Though this appears to be a free-associative rather than scholarly interest in understanding the world through a quasi-semiotic lens, Lorde’s observations could be a useful prism for processing postmodern life. The ideas of things are always more fun than the things themselves (But when I reach for you/there’s just a supercut).
Her musical persona depends on slipping into these archetypes, using them as protection (You’ll be the class clown/I’ll be the beauty queen). There is no more obvious example of this than her latest antics. At Charli XCX’s show in NYC last week, Lorde made a surprise appearance to sing her verse on Girl, so confusing. Onstage, she was sporting sunglasses and her curly hair again, just like Charli. In matching outfits, they look indistinguishable.

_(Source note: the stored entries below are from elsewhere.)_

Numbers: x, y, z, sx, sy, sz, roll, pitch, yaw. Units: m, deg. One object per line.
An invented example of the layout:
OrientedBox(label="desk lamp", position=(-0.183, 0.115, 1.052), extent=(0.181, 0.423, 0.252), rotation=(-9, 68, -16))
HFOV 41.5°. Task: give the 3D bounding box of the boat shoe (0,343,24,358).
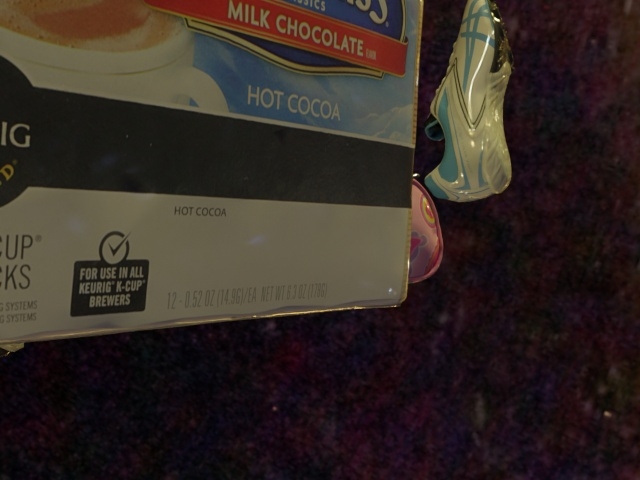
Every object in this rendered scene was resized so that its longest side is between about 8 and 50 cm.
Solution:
OrientedBox(label="boat shoe", position=(-0.444, 0.094, 1.000), extent=(0.079, 0.084, 0.233), rotation=(-24, 152, 1))

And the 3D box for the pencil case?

The Gemini–one of our oldest archetypes reborn in the pop universe: Lorde has donned old metaphors again. The meta-commentary of the joint performance is that of their song: that two women in the industry should be allowed to occupy the same space without comparison. On Instagram, Lorde captions the photo of them together “Literature” as if their feud was just a played out narrative, a swelling of the violins (a Melodrama, if you will). And as if their symbiosis is God-given.

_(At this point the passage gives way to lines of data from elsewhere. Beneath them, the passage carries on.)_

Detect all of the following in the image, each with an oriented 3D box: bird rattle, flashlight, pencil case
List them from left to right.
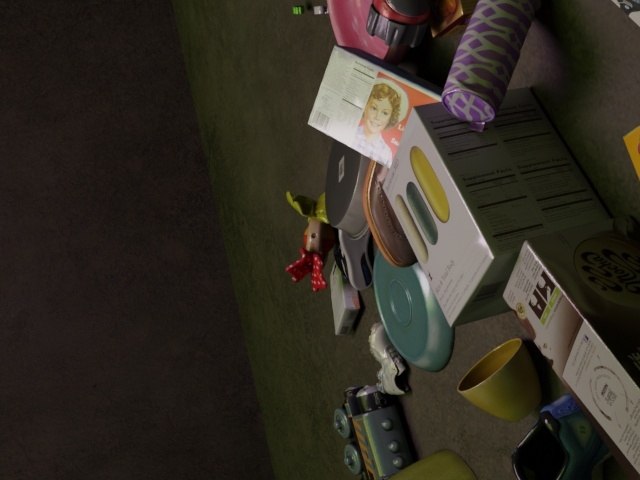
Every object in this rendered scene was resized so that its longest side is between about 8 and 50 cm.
[{"bbox_3d":[0.000,0.000,2.026,0.207,0.143,0.254,19,-112,-77],"label":"bird rattle"},{"bbox_3d":[0.149,-0.444,1.249,0.103,0.103,0.304,-70,-2,-46],"label":"flashlight"},{"bbox_3d":[0.235,-0.261,1.135,0.086,0.206,0.088,19,164,26],"label":"pencil case"}]

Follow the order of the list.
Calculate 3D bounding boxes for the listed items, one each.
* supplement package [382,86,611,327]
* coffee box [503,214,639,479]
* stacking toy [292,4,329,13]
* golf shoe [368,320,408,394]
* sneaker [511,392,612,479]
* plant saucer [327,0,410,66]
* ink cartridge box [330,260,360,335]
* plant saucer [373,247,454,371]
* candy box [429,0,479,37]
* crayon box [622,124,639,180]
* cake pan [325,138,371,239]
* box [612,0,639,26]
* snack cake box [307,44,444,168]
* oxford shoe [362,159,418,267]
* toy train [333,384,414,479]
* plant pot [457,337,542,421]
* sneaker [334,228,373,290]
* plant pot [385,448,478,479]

In the last slide, we see a curly wig on the floor. I gasped. Lorde didn’t—after all—grow out her hair. The wig could not be a more perfect example of Lorde’s undermining of Charli’s message. Lorde does not want to be made in someone else’s image for long. In erasing herself, her hair, Lorde hopes to become an original. This is on par for a person in debt to writers like Annie Ernaux—who take the pitch of normal conflict and scale it up to high theatricality (A level of emotionality usually only afforded to hormonal high schoolers). Maybe Lorde doesn’t want to look like her teenage self again because it echoes some truth; her project is fundamentally juvenile—she’s a girl who refuses to grow out her roots.

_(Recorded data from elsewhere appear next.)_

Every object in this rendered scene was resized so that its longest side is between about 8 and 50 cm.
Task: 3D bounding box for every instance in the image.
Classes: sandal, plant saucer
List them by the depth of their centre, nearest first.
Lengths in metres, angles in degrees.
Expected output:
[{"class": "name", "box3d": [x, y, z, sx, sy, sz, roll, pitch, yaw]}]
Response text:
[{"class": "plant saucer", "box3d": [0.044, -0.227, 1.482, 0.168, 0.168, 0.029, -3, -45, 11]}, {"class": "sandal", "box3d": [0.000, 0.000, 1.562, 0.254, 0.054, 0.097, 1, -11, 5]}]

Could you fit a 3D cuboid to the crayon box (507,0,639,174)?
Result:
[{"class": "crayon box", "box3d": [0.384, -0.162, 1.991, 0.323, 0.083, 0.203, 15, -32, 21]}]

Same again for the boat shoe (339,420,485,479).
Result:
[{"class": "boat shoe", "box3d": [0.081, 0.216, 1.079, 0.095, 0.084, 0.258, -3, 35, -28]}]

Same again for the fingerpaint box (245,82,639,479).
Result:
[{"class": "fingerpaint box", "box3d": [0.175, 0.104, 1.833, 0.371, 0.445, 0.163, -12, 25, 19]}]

When I was your monkey, I got it all wrong…
Naturally, I’ve been listening to the new Christian Lee Hutson record, Paradise Pop. 10. I say naturally because I don’t ever stop talking (or tweeting) about his music, and often find myself in the middle of proselytizing about him to my friends before I can shut up about it. The songs are sad and often slow, but the relative specificity and ambiguity of the lyrics make them fun to walk around inside of. The lead single “Beauty School” is the most catchy, but I find myself stuck on Skeleton Crew.